Michael Schumacher found himself in the centre of a maelstrom yesterday when he was accused of committing a "professional foul" to protect his pole position, so important here.

The German had lapped his Ferrari in 1min 13.898sec to go fastest late in qualifying. But Fernando Alonso then set the fastest time in the first sector. Previous form had revealed the Spaniard and his Renault to have a three-tenths of a second advantage in the last sector, which includes the slow Rascasse hairpin. There, Schumacher appeared to make an error, locking up a front wheel, momentarily understeering wide, and then opening up the steering again before just avoiding contact with the barrier on the outside. The track was almost blocked, but in any case the yellow warning flags prevented anyone else posting a fast lap.

"I braked a touch too much coming into Rascasse, and couldn't make it round," he said. "I checked with the guys over the radio, 'Where did we end up?', and when they said P1, I couldn't believe it!"

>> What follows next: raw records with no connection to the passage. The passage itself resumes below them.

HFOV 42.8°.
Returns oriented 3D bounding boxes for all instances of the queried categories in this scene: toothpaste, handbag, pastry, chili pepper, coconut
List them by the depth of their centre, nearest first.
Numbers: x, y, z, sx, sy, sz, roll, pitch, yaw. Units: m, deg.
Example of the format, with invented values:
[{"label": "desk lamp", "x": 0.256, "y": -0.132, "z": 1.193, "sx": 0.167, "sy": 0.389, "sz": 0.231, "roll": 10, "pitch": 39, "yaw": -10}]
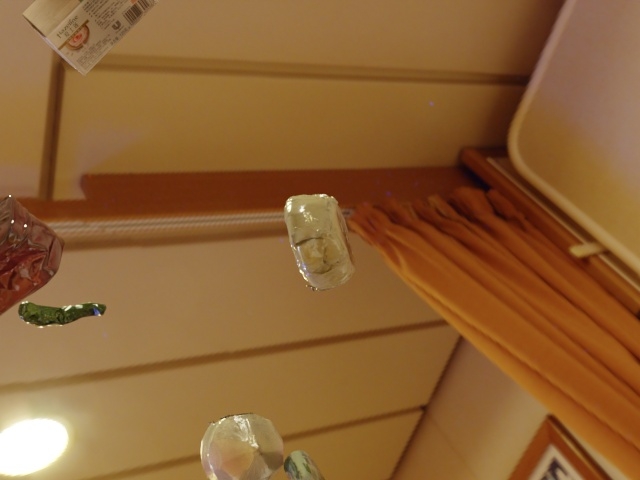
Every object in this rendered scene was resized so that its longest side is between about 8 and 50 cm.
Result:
[{"label": "toothpaste", "x": -0.016, "y": 0.289, "z": 0.992, "sx": 0.041, "sy": 0.064, "sz": 0.218, "roll": -46, "pitch": 3, "yaw": -10}, {"label": "coconut", "x": -0.102, "y": 0.278, "z": 1.080, "sx": 0.110, "sy": 0.110, "sz": 0.124, "roll": -9, "pitch": -13, "yaw": -29}, {"label": "pastry", "x": 0.000, "y": 0.000, "z": 1.326, "sx": 0.088, "sy": 0.165, "sz": 0.165, "roll": -16, "pitch": -43, "yaw": 7}, {"label": "handbag", "x": -0.544, "y": 0.039, "z": 1.343, "sx": 0.225, "sy": 0.146, "sz": 0.135, "roll": -31, "pitch": -53, "yaw": 10}, {"label": "chili pepper", "x": -0.562, "y": 0.159, "z": 1.772, "sx": 0.182, "sy": 0.050, "sz": 0.073, "roll": -3, "pitch": -28, "yaw": -31}]

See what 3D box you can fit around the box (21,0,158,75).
[{"label": "box", "x": -0.396, "y": -0.404, "z": 1.419, "sx": 0.199, "sy": 0.081, "sz": 0.135, "roll": -48, "pitch": -21, "yaw": -5}]
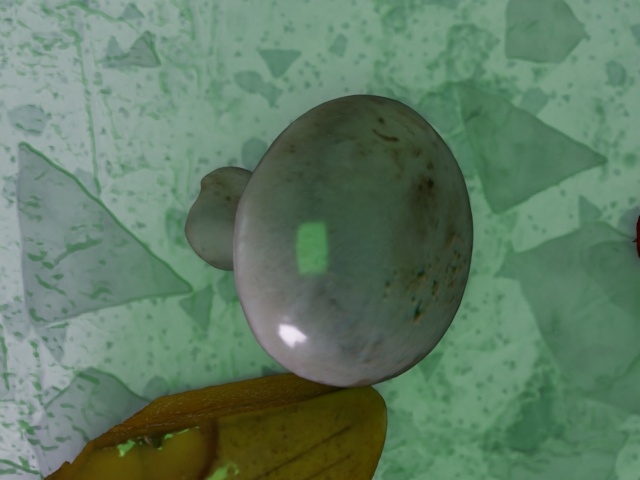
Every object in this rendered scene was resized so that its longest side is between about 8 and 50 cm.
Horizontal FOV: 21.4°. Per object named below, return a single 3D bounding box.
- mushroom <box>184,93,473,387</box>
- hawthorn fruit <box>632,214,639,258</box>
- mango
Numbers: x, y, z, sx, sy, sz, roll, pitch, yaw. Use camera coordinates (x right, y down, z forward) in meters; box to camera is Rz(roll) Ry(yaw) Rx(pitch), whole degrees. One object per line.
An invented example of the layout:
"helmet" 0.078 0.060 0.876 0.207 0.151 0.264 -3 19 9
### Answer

It didn't take long for the dark clouds to roll in on the former champion. Given the "steering errors" he made against Damon Hill in Adelaide in 1994, and against Jacques Villeneuve in Jerez in 1997, he should not have been surprised when people started accusing him of a professional foul. "If it was not a credible mistake, it would be a shame," Schumacher agreed. "But as usual, whatever you do in a certain moment, your enemies believe one thing and those who support you another. That's what our sport is about. Some will believe what I explained, some won't. That's unfortunately the world we live in."

Eventually, somebody mentioned the c-word: cheating. "I don't think we cheated today," Schumacher bridled. "I don't know why you ask such a bad question. That's pretty tough. If you were driving a car round here, you wouldn't have asked that question."

And what of Renault's disgust and immediate complaint to the stewards by their principal, Flavio Briatore? "I don't care what other teams do," Schumacher said. "I know Flavio well enough." Indeed so. Briatore was running him back in 1994.

While Schumacher smarted in the press conference, Alonso let his expression speak for him. "We should have been on pole," he said flatly. "The previous lap I had been three-tenths faster in the last corner, so for sure we could have been on pole. I did my maximum with the car and today was OK, the car was performing really well, but after dominating all weekend, to lose pole on the last lap through somebody else's accident is not a good moment."

Did he think any the less of Schumacher after the incident? Perhaps the answer from this honourable individual was the most telling comment of all. "I have my opinion and I won't tell it here." How admirable restraint can be in certain circumstances.

Others were less circumspect. Briatore said: "The only way it could have been a mistake would be if it had been someone's first race, and it's not Michael's first race. I know he cheated. He stopped Fernando getting pole."

Villeneuve said: "It's as bad as Jerez in 1997. It's unbelievable and he should not be allowed to race if he does this sort of thing. For his sake I'd like to believe it was a mechanical failure, but watching TV, no way."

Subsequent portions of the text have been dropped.